What is the difference between the three types of logarithms?

  • ln is always a natural logarithm (of base $e$).

  • log if it has a base like $\log_5x$ then the base is the specified one, otherwise it is either base $e$ or base $10$. It depends on people. Some people (mostly high school people) use logarithms without a base as base $10$ and other people as base $e$. It is most often used as a natural logarithm though but you have to watch out. If you see a ln button on a calculator, then log without base is guaranteed to be base 10 on the same calculator.

(Edit: As @ClementC. pointed out, in computer science, $log$ without a base most often means a binary logarithm.)

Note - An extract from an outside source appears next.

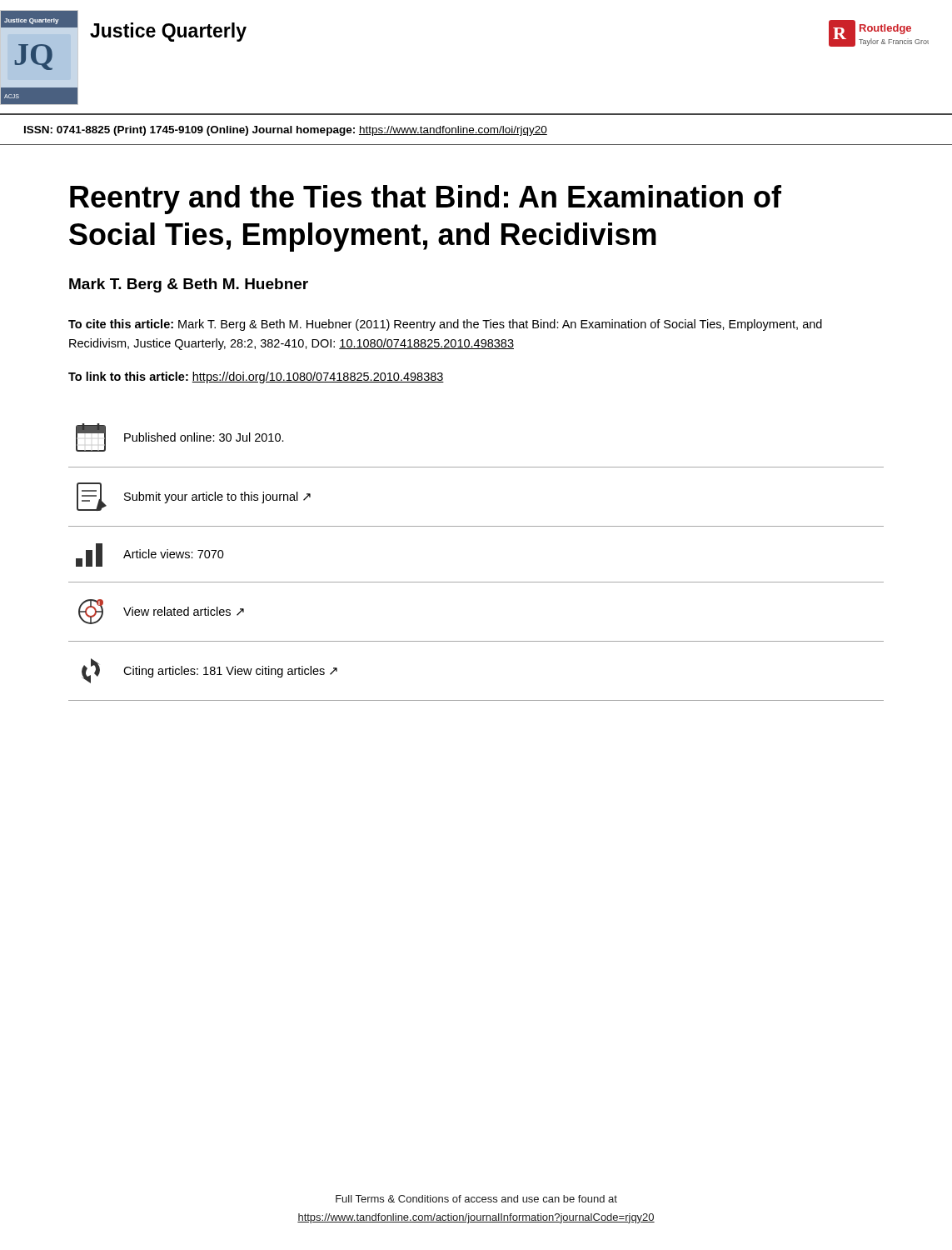Viewport: 952px width, 1250px height.
Task: Where does it say "Published online: 30 Jul 2010."?
Action: point(180,438)

  • Log stands for complex logarithm in its principal branch. The principal branch has its imaginary part in the interval $(−π,π]$. (Basically it's the inverse of the complex exponential function with its imaginary part in that interval.)

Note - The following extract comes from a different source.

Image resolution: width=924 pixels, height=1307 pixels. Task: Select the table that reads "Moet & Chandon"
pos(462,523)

These are notations, sometimes ambiguous, to denote potentially different types of logarithms, which depend on the language of origin (Russian, German, French), see for instance where $\lg$ is used, including number theory, since sometimes $\log_2 x $ denotes the iterated logarithm: $\log{\log{ x }}$.

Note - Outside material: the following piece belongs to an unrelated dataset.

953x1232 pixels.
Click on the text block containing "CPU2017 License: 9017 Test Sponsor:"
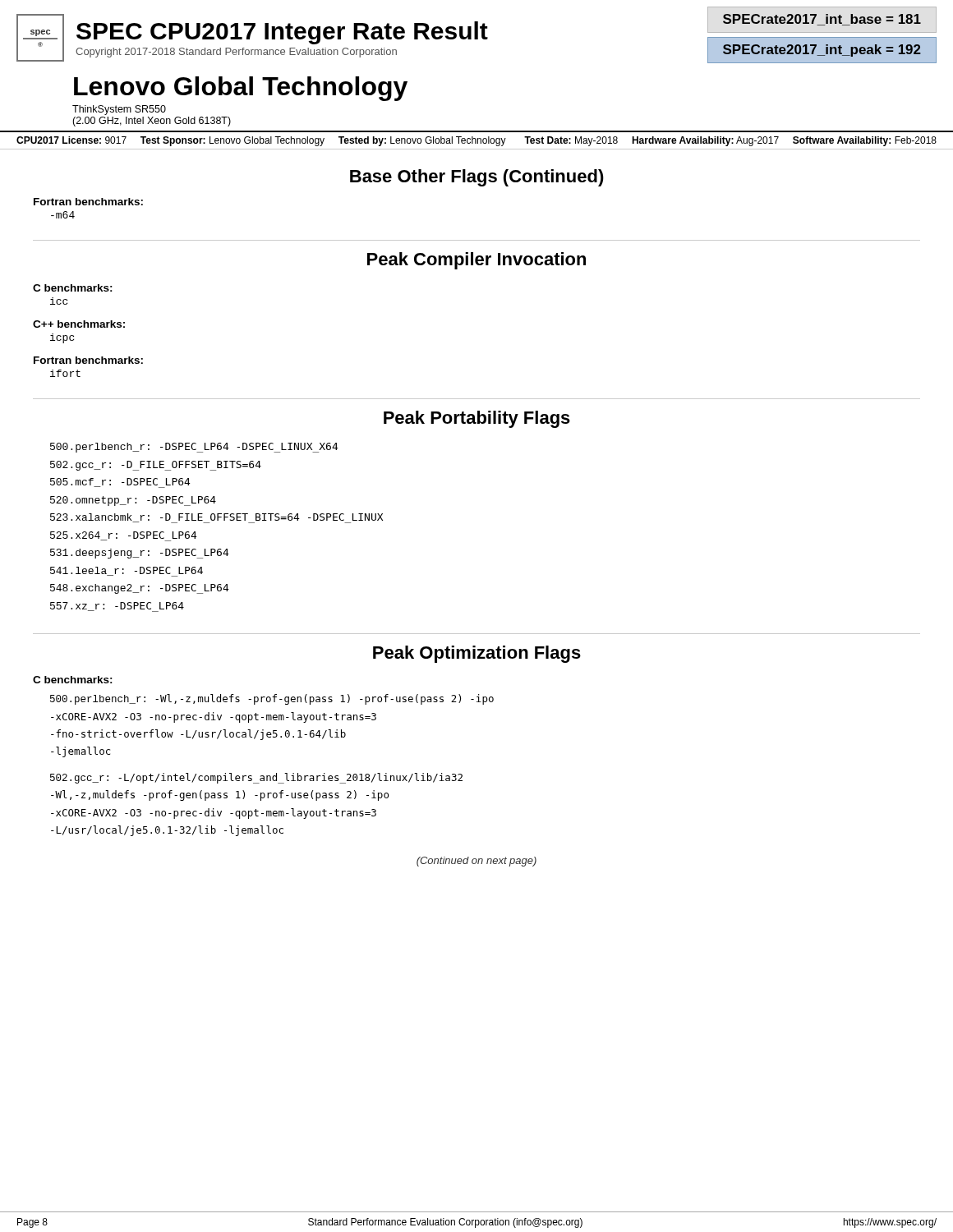coord(476,140)

Notation $\ln x$ (almost) unambiguously denotes the natural logarithm $\log_e x$ (latin: logarithmus naturalis), or logarithm in base $e$. In French, I used to believe the "n" stood for "népérien", from Neper or Napier.

The notation $\log x$ should be the adopted notation for the natural logarithm, and it is so in mathematics. However, it often represents the "most natural" depending on the field: I learned it as the base-$10$ logarithm ($\log_{10} x$) at school, and it is often used this way in engineering (for instance in the definition of decibels): enter image description here And it may also represent a base-$2$ logarithm (binary logarithm) in binary calculus. The latter is sometimes denoted lg, ld (logarithmus dualis), or lb.

$\operatorname{Log} x$ normally is the principal value for a complex number, with imaginary part in the interval $(-\pi,\pi]$. But, while I learned at school $\log x$ for $\log_{10} x$, $\operatorname{Log} x$ was used (wrongly) to denote the natural logarithm. Such notations can be found for instance in Calcul differentiel et integral. Tome 1, 1998, N. Piskounov, page 58 sq.

The History of logarithms wikipedia page is worth reading, if only to learn the origin of the name (a number indicating a ratio: logos, proportion, and arithmos, number), and John Napier's book: Mirifici Logarithmorum Canonis Descriptio (Description of the Wonderful Rule of Logarithms).